==== Material provided

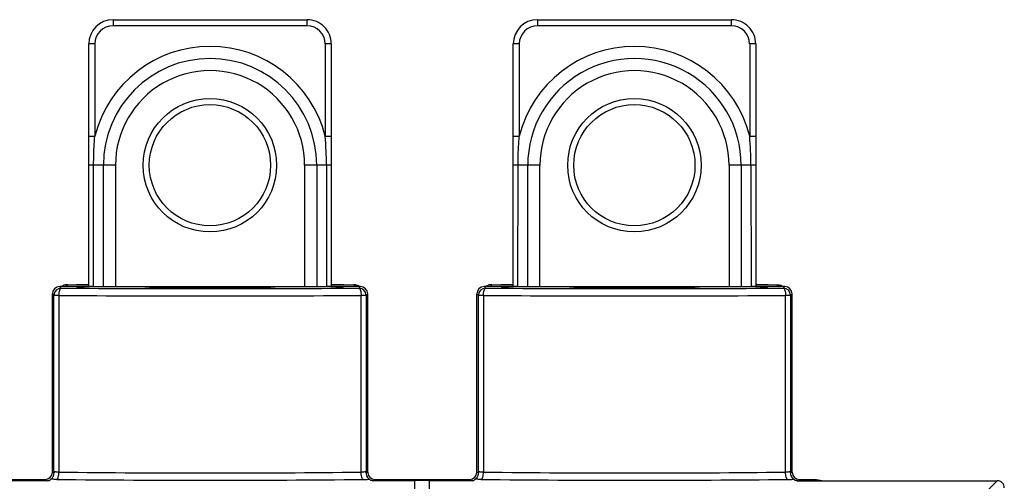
# Model space of a CAD drawing. Header units: millimetres. Extents: x 45 to 367, y 222 to 342.
# Tile 10 of 10: x 285 to 367, y 304 to 342. Entities that reach past the tile are written whole.
import ezdxf

# ---------------------------------------------------------------- set-up
doc = ezdxf.new("R2010")
doc.units = ezdxf.units.MM
doc.header["$LTSCALE"] = 36.957878
doc.layers.get('0').update_dxf_attribs({"linetype": 'CONTINUOUS'})

msp = doc.modelspace()

# ---------------------------------------------------------------- linework, layer by layer
at = {"color": 7}
for p, q in [((293.145, 341.749), (309.15, 341.749)), ((293.145, 341.749), (293.145, 341.249)), ((309.15, 341.249), (293.145, 341.249)), ((309.15, 341.249), (309.15, 341.749)), ((328.145, 341.749), (344.15, 341.749)), ((328.145, 341.749), (328.145, 341.249)), ((344.15, 341.249), (328.145, 341.249)), ((344.15, 341.249), (344.15, 341.749)), ((291.648, 339.752), (291.148, 339.752)), ((291.148, 319.751), (291.148, 339.752)), ((291.648, 339.752), (291.648, 332.155)), ((311.148, 339.752), (310.648, 339.752)), ((310.648, 339.752), (310.648, 332.155)), ((311.148, 339.751), (311.148, 319.759)), ((326.648, 339.752), (326.148, 339.752)), ((326.148, 319.751), (326.148, 339.752)), ((326.648, 339.752), (326.648, 332.155)), ((346.148, 339.752), (345.648, 339.752)), ((345.648, 339.752), (345.648, 332.155)), ((346.148, 339.751), (346.148, 319.759)), ((291.148, 332.155), (291.648, 332.155)), ((310.648, 332.155), (311.148, 332.155)), ((326.148, 332.155), (326.648, 332.155)), ((345.648, 332.155), (346.148, 332.155)), ((293.348, 329.749), (291.148, 329.749)), ((291.533, 319.752), (291.548, 329.749)), ((292.348, 319.753), (292.348, 329.749)), ((293.348, 329.749), (293.348, 319.753)), ((311.148, 329.749), (308.948, 329.749)), ((308.948, 329.749), (308.948, 319.753)), ((309.948, 329.749), (309.948, 319.753)), ((310.748, 329.749), (310.758, 319.753)), ((328.348, 329.749), (326.148, 329.749)), ((326.533, 319.752), (326.548, 329.749)), ((327.348, 319.753), (327.348, 329.749)), ((328.348, 319.753), (328.348, 329.749)), ((346.148, 329.749), (343.948, 329.749)), ((343.948, 329.749), (343.948, 319.753)), ((344.948, 329.749), (344.948, 319.753)), ((345.748, 329.749), (345.758, 319.753)), ((288.148, 304.45), (288.148, 319.149)), ((288.148, 319.149), (288.278, 319.019)), ((291.348, 319.751), (288.748, 319.749)), ((288.878, 319.619), (288.748, 319.749)), ((289.248, 319.754), (289.399, 319.906)), ((289.399, 319.906), (290.138, 319.91)), ((290.138, 319.91), (290.72, 319.913)), ((290.171, 319.726), (290.148, 319.749)), ((290.72, 319.913), (291.088, 319.914)), ((295.548, 319.716), (290.771, 319.716)), ((291.534, 319.751), (291.348, 319.751)), ((291.534, 319.753), (310.756, 319.753)), ((311.525, 319.716), (306.748, 319.716)), ((313.548, 319.749), (310.819, 319.751)), ((311.211, 319.914), (311.579, 319.913)), ((311.579, 319.913), (312.183, 319.91)), ((312.125, 319.726), (312.148, 319.749)), ((312.183, 319.91), (312.996, 319.905)), ((313.098, 319.901), (312.996, 319.912)), ((312.996, 319.905), (313.148, 319.754)), ((313.548, 319.749), (313.418, 319.619)), ((314.018, 319.019), (314.148, 319.149)), ((314.148, 304.45), (314.148, 319.149)), ((323.148, 319.149), (323.278, 319.019)), ((323.148, 304.45), (323.148, 319.149)), ((326.348, 319.751), (323.748, 319.749)), ((323.878, 319.619), (323.748, 319.749)), ((324.263, 319.788), (324.381, 319.905)), ((324.381, 319.905), (325.138, 319.909)), ((325.138, 319.909), (325.719, 319.912)), ((325.171, 319.726), (325.148, 319.749)), ((325.719, 319.912), (326.087, 319.914)), ((330.548, 319.716), (325.771, 319.716)), ((326.534, 319.751), (326.348, 319.751)), ((326.534, 319.753), (345.756, 319.753)), ((346.525, 319.716), (341.748, 319.716)), ((348.548, 319.749), (345.819, 319.751)), ((346.207, 319.914), (346.575, 319.913)), ((346.575, 319.913), (347.179, 319.91)), ((347.125, 319.726), (347.148, 319.749)), ((347.179, 319.91), (347.896, 319.906)), ((347.896, 319.906), (348.048, 319.754)), ((348.548, 319.749), (348.418, 319.619)), ((349.018, 319.019), (349.148, 319.149)), ((349.148, 304.45), (349.148, 319.149)), ((288.691, 319.019), (288.278, 319.019)), ((288.278, 304.494), (288.278, 319.019)), ((288.691, 319.019), (288.691, 304.455)), ((314.018, 319.019), (313.605, 319.019)), ((313.605, 304.455), (313.605, 319.019)), ((314.018, 319.019), (314.018, 304.494)), ((323.691, 319.019), (323.278, 319.019)), ((323.278, 304.494), (323.278, 319.019)), ((323.691, 319.019), (323.691, 304.455)), ((349.018, 319.019), (348.605, 319.019)), ((348.605, 304.455), (348.605, 319.019)), ((349.018, 319.019), (349.018, 304.494)), ((288.278, 304.494), (288.28, 304.384)), ((314.016, 304.384), (314.018, 304.494)), ((323.278, 304.494), (323.28, 304.384)), ((349.016, 304.384), (349.018, 304.494)), ((279.748, 303.85), (287.548, 303.85)), ((287.75, 303.749), (284.248, 303.749)), ((287.548, 303.85), (287.75, 303.749)), ((288.004, 303.864), (288.002, 303.864)), ((288.053, 303.863), (288.003, 303.862)), ((288.148, 304.45), (288.28, 304.384)), ((314.016, 304.384), (314.148, 304.45)), ((314.545, 303.749), (314.748, 303.85)), ((318.048, 303.749), (314.545, 303.749)), ((314.748, 303.85), (322.548, 303.85)), ((319.248, 303.763), (318.048, 303.763)), ((318.048, 298.682), (318.048, 303.763)), ((319.248, 298.682), (319.248, 303.763)), ((322.75, 303.749), (319.248, 303.749)), ((322.548, 303.85), (322.75, 303.749)), ((323.004, 303.864), (323.002, 303.864)), ((323.053, 303.863), (323.003, 303.862)), ((323.148, 304.45), (323.28, 304.384)), ((349.016, 304.384), (349.148, 304.45)), ((349.545, 303.749), (349.748, 303.85)), ((349.545, 303.749), (366.047, 303.749)), ((349.748, 303.85), (351.148, 303.85)), ((351.148, 303.85), (351.756, 303.749)), ((366.047, 303.749), (365.331, 303.036))]:
    msp.add_line(p, q, dxfattribs=at)
for centre, radius in [((301.139, 329.753), 5.5), ((301.139, 329.753), 5), ((336.139, 329.753), 5.5), ((336.139, 329.753), 5)]:
    msp.add_circle(centre, radius, dxfattribs=at)
for centre, radius, start, end in [((293.145, 339.752), 1.997, 90, 180), ((293.145, 339.752), 1.497, 90, 180), ((309.15, 339.752), 1.997, 359.98036, 90), ((309.15, 339.752), 1.497, 0.00018, 90), ((328.145, 339.752), 1.997, 90, 180), ((328.145, 339.752), 1.497, 90, 180), ((344.15, 339.752), 1.997, 359.98036, 90), ((344.15, 339.752), 1.497, 0.00018, 90), ((301.148, 329.749), 9.8, 14.21337, 165.78663), ((336.148, 329.749), 9.8, 14.21337, 165.78663), ((301.148, 329.749), 8.8, 0, 180), ((336.148, 329.749), 8.8, 0, 180.00002), ((301.148, 329.749), 7.8, 359.99991, 180), ((336.148, 329.749), 7.8, 359.99991, 180.00002), ((280.927, 329.715), 29.821, 0.06553, 4.69399), ((315.927, 329.715), 29.821, 0.06553, 4.69399), ((288.878, 319.019), 0.6, 90.00362, 179.99638), ((301.148, 2506.602), 2187.018, 269.678546, 270.321454), ((313.009, 318.932), 0.974, 84.72214, 90.74363), ((313.418, 319.019), 0.6, 0.00338, 89.99662), ((313.002, 318.956), 0.959, 55.44753, 59.22231), ((323.878, 319.019), 0.6, 90.00362, 179.99638), ((336.148, 2506.602), 2187.018, 269.678546, 270.321454), ((324.368, 318.937), 0.968, 89.27593, 107.17378), ((348.418, 319.019), 0.6, 0.00338, 89.99662), ((301.148, 2573.17), 2254.186, 269.683375, 270.316624), ((336.148, 2573.17), 2254.186, 269.683375, 270.316624), ((301.148, 1430.497), 1126.713, 269.357036, 270.642963), ((301.148, 1398.648), 1094.264, 269.347742, 270.652258), ((336.148, 1430.497), 1126.713, 269.357036, 270.642963), ((336.148, 1398.648), 1094.264, 269.347742, 270.652258), ((366.048, 303.15), 0.599, 359.82654, 90.02565)]:
    msp.add_arc(centre, radius, start, end, dxfattribs=at)
for centre, major_axis, ratio, start_param, end_param in [((288.748, 319.149), (-0.424, 0.424), 0.999695, 5.497939, 7.068431), ((290.771, 319.726), (0.6, 0), 0.017455, -3.124139, -1.570796), ((295.548, 319.705), (0.6, 0), 0.017455, 0, 1.570796), ((296.748, 319.696), (0.6, 0), 0.017455, 3.141593, 4.579869), ((301.148, 320.273), (33.9, 0), 0.017455, -1.703316, -1.438277), ((305.548, 319.696), (0.6, 0), 0.017455, -1.438277, 0), ((306.748, 319.705), (0.6, 0), 0.017455, 1.570796, 3.141593), ((311.525, 319.726), (0.6, 0), 0.017455, -1.570796, -0.017453), ((313.548, 319.149), (-0.424, -0.424), 0.999695, 8.639532, 10.210024), ((323.748, 319.149), (-0.424, 0.424), 0.999695, 5.497939, 7.068431), ((325.771, 319.726), (0.6, 0), 0.017455, -3.124139, -1.570796), ((330.548, 319.705), (0.6, 0), 0.017455, 0, 1.570796), ((331.748, 319.696), (0.6, 0), 0.017455, 3.141593, 4.579869), ((336.148, 320.273), (33.9, 0), 0.017455, -1.703316, -1.438277), ((340.548, 319.696), (0.6, 0), 0.017455, -1.438277, 0), ((341.748, 319.705), (0.6, 0), 0.017455, 1.570796, 3.141593), ((346.525, 319.726), (0.6, 0), 0.017455, -1.570796, -0.017453), ((348.548, 319.149), (-0.424, -0.424), 0.999695, 8.639532, 10.210024), ((287.548, 304.45), (0.537, -0.268), 0.99981, -1.107103, 0.463541), ((314.748, 304.45), (0.537, 0.268), 0.99981, 2.678052, 4.248696), ((322.548, 304.45), (0.537, -0.268), 0.99981, -1.107103, 0.463541), ((349.748, 304.45), (0.537, 0.268), 0.99981, 2.678052, 4.248696)]:
    msp.add_ellipse(centre, major_axis=major_axis, ratio=ratio, start_param=start_param, end_param=end_param, dxfattribs=at)
for points, knots in [([(291.548, 329.749), (291.548, 329.951), (291.557, 330.754), (291.599, 331.556), (291.648, 332.155)], [0, 0, 0, 0, 0.251466, 1, 1, 1, 1]), ([(326.548, 329.749), (326.548, 329.951), (326.557, 330.754), (326.599, 331.556), (326.648, 332.155)], [0, 0, 0, 0, 0.251466, 1, 1, 1, 1]), ([(288.691, 319.019), (288.692, 319.16), (288.713, 319.354), (288.786, 319.556), (288.849, 319.617), (288.878, 319.619)], [0, 0, 0, 0, 0.648579, 0.868685, 1, 1, 1, 1]), ([(310.819, 319.751), (310.849, 319.751), (310.945, 319.752), (311.041, 319.753), (311.106, 319.755)], [0, 0, 0, 0, 0.316154, 1, 1, 1, 1]), ([(312.995, 319.912), (312.996, 319.915), (313.012, 319.911), (313.03, 319.916), (313.071, 319.913), (313.101, 319.911), (313.118, 319.909)], [0, 0, 0, 0, 0.066422, 0.259849, 0.574313, 1, 1, 1, 1]), ([(313.118, 319.909), (313.145, 319.905), (313.276, 319.884), (313.402, 319.834), (313.493, 319.78)], [0, 0, 0, 0, 0.208443, 1, 1, 1, 1]), ([(313.418, 319.619), (313.447, 319.617), (313.511, 319.555), (313.584, 319.35), (313.604, 319.153), (313.605, 319.009)], [0, 0, 0, 0, 0.130854, 0.351113, 1, 1, 1, 1]), ([(323.691, 319.019), (323.692, 319.16), (323.713, 319.354), (323.786, 319.556), (323.849, 319.617), (323.878, 319.619)], [0, 0, 0, 0, 0.648579, 0.868685, 1, 1, 1, 1]), ([(323.863, 319.766), (323.888, 319.781), (323.97, 319.828), (324.059, 319.863), (324.123, 319.879)], [0, 0, 0, 0, 0.305482, 1, 1, 1, 1]), ([(345.819, 319.751), (345.849, 319.751), (345.945, 319.752), (346.041, 319.753), (346.106, 319.755)], [0, 0, 0, 0, 0.316154, 1, 1, 1, 1]), ([(348.418, 319.619), (348.447, 319.617), (348.511, 319.555), (348.584, 319.35), (348.604, 319.153), (348.605, 319.009)], [0, 0, 0, 0, 0.130854, 0.351113, 1, 1, 1, 1]), ([(288.691, 304.455), (288.636, 304.456), (288.538, 304.459), (288.413, 304.468), (288.33, 304.476), (288.293, 304.485), (288.279, 304.49), (288.278, 304.494)], [0, 0, 0, 0, 0.391377, 0.703779, 0.913444, 0.972805, 1, 1, 1, 1]), ([(314.018, 304.494), (314.017, 304.49), (314.003, 304.485), (313.966, 304.476), (313.882, 304.468), (313.757, 304.459), (313.659, 304.456), (313.605, 304.455)], [0, 0, 0, 0, 0.027181, 0.08653, 0.296184, 0.608593, 1, 1, 1, 1]), ([(323.691, 304.455), (323.636, 304.456), (323.538, 304.459), (323.413, 304.468), (323.33, 304.476), (323.293, 304.485), (323.279, 304.49), (323.278, 304.494)], [0, 0, 0, 0, 0.391377, 0.703779, 0.913444, 0.972805, 1, 1, 1, 1]), ([(349.018, 304.494), (349.017, 304.49), (349.003, 304.485), (348.966, 304.476), (348.882, 304.468), (348.757, 304.459), (348.659, 304.456), (348.605, 304.455)], [0, 0, 0, 0, 0.027181, 0.08653, 0.296184, 0.608593, 1, 1, 1, 1]), ([(287.75, 303.749), (287.799, 303.75), (287.895, 303.764), (287.975, 303.825), (288.003, 303.862)], [0, 0, 0, 0, 0.510402, 1, 1, 1, 1]), ([(288, 303.863), (288.005, 303.869), (288.027, 303.882), (288.07, 303.918), (288.135, 303.979), (288.176, 304.037), (288.196, 304.07)], [0, 0, 0, 0, 0.071998, 0.266168, 0.592745, 1, 1, 1, 1]), ([(288.504, 303.855), (288.464, 303.856), (288.313, 303.857), (288.163, 303.864), (288.053, 303.863)], [0, 0, 0, 0, 0.266821, 1, 1, 1, 1]), ([(288.196, 304.07), (288.238, 304.142), (288.274, 304.249), (288.28, 304.358), (288.28, 304.384)], [0, 0, 0, 0, 0.760706, 1, 1, 1, 1]), ([(288.504, 303.855), (288.532, 303.858), (288.593, 303.921), (288.67, 304.12), (288.689, 304.314), (288.691, 304.455)], [0, 0, 0, 0, 0.129648, 0.353876, 1, 1, 1, 1]), ([(313.791, 303.855), (313.763, 303.858), (313.703, 303.921), (313.626, 304.12), (313.606, 304.315), (313.605, 304.455)], [0, 0, 0, 0, 0.129889, 0.354383, 1, 1, 1, 1]), ([(313.792, 303.855), (313.838, 303.856), (314.004, 303.858), (314.171, 303.862), (314.291, 303.866)], [0, 0, 0, 0, 0.277778, 1, 1, 1, 1]), ([(314.016, 304.384), (314.015, 304.318), (314.036, 304.184), (314.112, 304.04), (314.188, 303.952), (314.237, 303.909), (314.27, 303.881), (314.288, 303.871), (314.291, 303.866)], [0, 0, 0, 0, 0.326805, 0.650398, 0.789994, 0.90062, 0.971764, 1, 1, 1, 1]), ([(314.545, 303.749), (314.496, 303.75), (314.398, 303.764), (314.319, 303.828), (314.291, 303.866)], [0, 0, 0, 0, 0.512617, 1, 1, 1, 1]), ([(322.75, 303.749), (322.799, 303.75), (322.895, 303.764), (322.975, 303.825), (323.003, 303.862)], [0, 0, 0, 0, 0.510395, 1, 1, 1, 1]), ([(323, 303.863), (323.005, 303.869), (323.027, 303.882), (323.07, 303.918), (323.135, 303.979), (323.176, 304.037), (323.196, 304.07)], [0, 0, 0, 0, 0.071987, 0.26616, 0.592741, 1, 1, 1, 1]), ([(323.504, 303.855), (323.464, 303.856), (323.313, 303.857), (323.163, 303.864), (323.053, 303.863)], [0, 0, 0, 0, 0.266821, 1, 1, 1, 1]), ([(323.196, 304.07), (323.238, 304.142), (323.274, 304.249), (323.28, 304.358), (323.28, 304.384)], [0, 0, 0, 0, 0.760706, 1, 1, 1, 1]), ([(323.504, 303.855), (323.532, 303.858), (323.593, 303.921), (323.67, 304.12), (323.689, 304.314), (323.691, 304.455)], [0, 0, 0, 0, 0.129648, 0.353876, 1, 1, 1, 1]), ([(348.791, 303.855), (348.763, 303.858), (348.703, 303.921), (348.626, 304.12), (348.606, 304.315), (348.605, 304.455)], [0, 0, 0, 0, 0.129889, 0.354383, 1, 1, 1, 1]), ([(348.792, 303.855), (348.838, 303.856), (349.004, 303.858), (349.171, 303.862), (349.291, 303.866)], [0, 0, 0, 0, 0.277778, 1, 1, 1, 1]), ([(349.016, 304.384), (349.015, 304.318), (349.036, 304.184), (349.112, 304.04), (349.188, 303.952), (349.237, 303.909), (349.27, 303.881), (349.288, 303.871), (349.291, 303.866)], [0, 0, 0, 0, 0.326805, 0.650398, 0.789994, 0.90062, 0.971764, 1, 1, 1, 1]), ([(349.545, 303.749), (349.496, 303.75), (349.398, 303.764), (349.319, 303.828), (349.291, 303.866)], [0, 0, 0, 0, 0.512617, 1, 1, 1, 1])]:
    msp.add_open_spline(points, degree=3, knots=knots, dxfattribs=at)
for points in [[(289.399, 319.906), (289.26, 319.907), (289.117, 319.877), (288.989, 319.819)], [(310.819, 319.751), (310.798, 319.752), (310.777, 319.754), (310.756, 319.751)], [(323.776, 319.705), (323.804, 319.727), (323.833, 319.747), (323.863, 319.766)], [(345.819, 319.751), (345.798, 319.752), (345.777, 319.754), (345.756, 319.751)], [(347.896, 319.906), (348.036, 319.907), (348.179, 319.877), (348.306, 319.819)]]:
    msp.add_open_spline(points, degree=3, dxfattribs=at)

doc.saveas('drawing.dxf')

========

Assignment → Report every line of the preceding listing where the string "dxfattribs" occurs.

Output below →
    msp.add_line(p, q, dxfattribs=at)
    msp.add_circle(centre, radius, dxfattribs=at)
    msp.add_arc(centre, radius, start, end, dxfattribs=at)
    msp.add_ellipse(centre, major_axis=major_axis, ratio=ratio, start_param=start_param, end_param=end_param, dxfattribs=at)
    msp.add_open_spline(points, degree=3, knots=knots, dxfattribs=at)
    msp.add_open_spline(points, degree=3, dxfattribs=at)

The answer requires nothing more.